Fui com o Dante até o flat. Era um prédio mediano na Bela Vista. As duas figuras com quem ela morava haviam acabado de chegar. Contaram que a Duda brigara com o fulano na sexta-feira à tarde e, dizendo-se finalmente livre, resolveu comemorar. Mas, segundo ambas, ela não parecia tão feliz assim. Sua vontade de "comemorar" tinha um tom autodestrutivo ou, no mínimo, uma pulsão de fuga. No fundo devia estar preocupada com o futuro, pois, não tendo família a quem recorrer, agora tampouco tinha aquela fonte de renda. Sem ter conseguido um trabalho fixo, já não podia sequer pagar as aulas de dança...

"¿Por que ela não me ligou?"

"Ela achou que você já tinha desencanado."

"Mas eu liguei mil vezes pra cá durante a semana!"

"Pode ter ligado, mas ela só recebeu os recados que a gente atendeu. Os porteiros daqui não gostam da gente, não anotam nossos recados..."

E contaram como as três, naquela noite, embarcaram no uísque e, por fim, na cocaína. Duda queria mudar de vida, disse que iria acabar com seu estoque de "coragem" de tirar a roupa em público. E não sobrou mesmo nenhuma. Veio a overdose. Desmaiou, sofreu convulsões. O porteiro da noite ajudou a carregá-la para baixo. Chamaram um taxi, mas, quando chegaram ao hospital, já era tarde.

"Eu acho que ela também tinha tomado um comprimido forte naquele dia.

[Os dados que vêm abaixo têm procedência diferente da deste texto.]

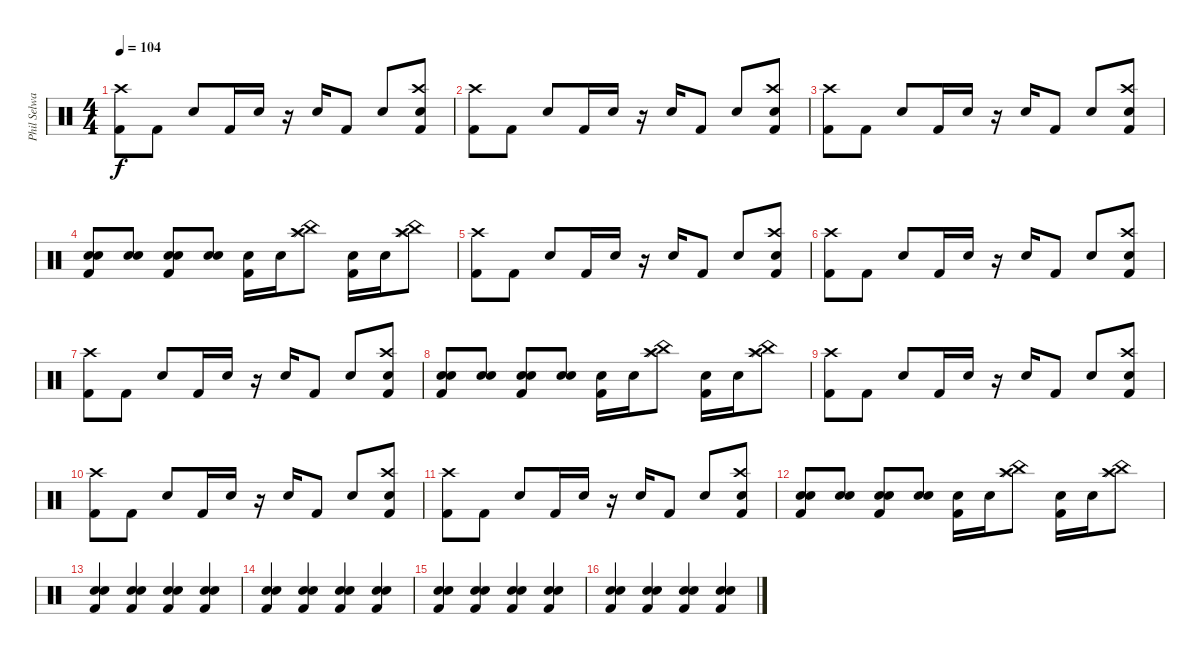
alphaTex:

Era um remédio controlado que ela já tomava antes mesmo de sair da casa dos pais."

"¿E as coisas dela?"

"O pai dela veio até aqui ontem, botou tudo em duas caixas e levou embora pra Santo André. Ele nem olhou na nossa cara. Acho que ele pensava que a gente era puta", e suspirou olhando pro chão. "A grana dela vai fazer falta..."

Se fosse um filme americano, eu teria corrido até o banheiro e vomitado. Mas não, apenas saímos dali, tomados por um silêncio que se enchia dos ruídos do pensamento. Por que isso, por que aquilo, e tal. Tudo inútil. Havíamos viajado até esse mundo paralelo, o mundo da Boca do Lixo, da noturna "baixaria" paulistana, como quem sai de férias em busca de novos recantos turísticos. Mas a noite — a noite real, a noite do afeto, a noite do amor, o meio-dia da solidão — não é uma brincadeira. Não é melzinho, mas sim fel na chupeta. O Dionísio de concreto paulistano havia devorado mais um de seus habitantes, uma ninfa na flor da idade. E, para meu espanto, lembrei-me que, como toda tragédia, esta também havia sido anunciada: após seu striptease, Duda caminhara em nossa direção ao som de Dead Man Walking, do David Bowie. Uma sincronicidade das mais soturnas. E eu, que tanto desejara seu bem, fiquei apenas com meu "interior crepúsculo tristonho em que sinto que sonho o que me sinto sendo". Que o Vencedor dos vencedores a abençoe, Duda, esteja onde estiver.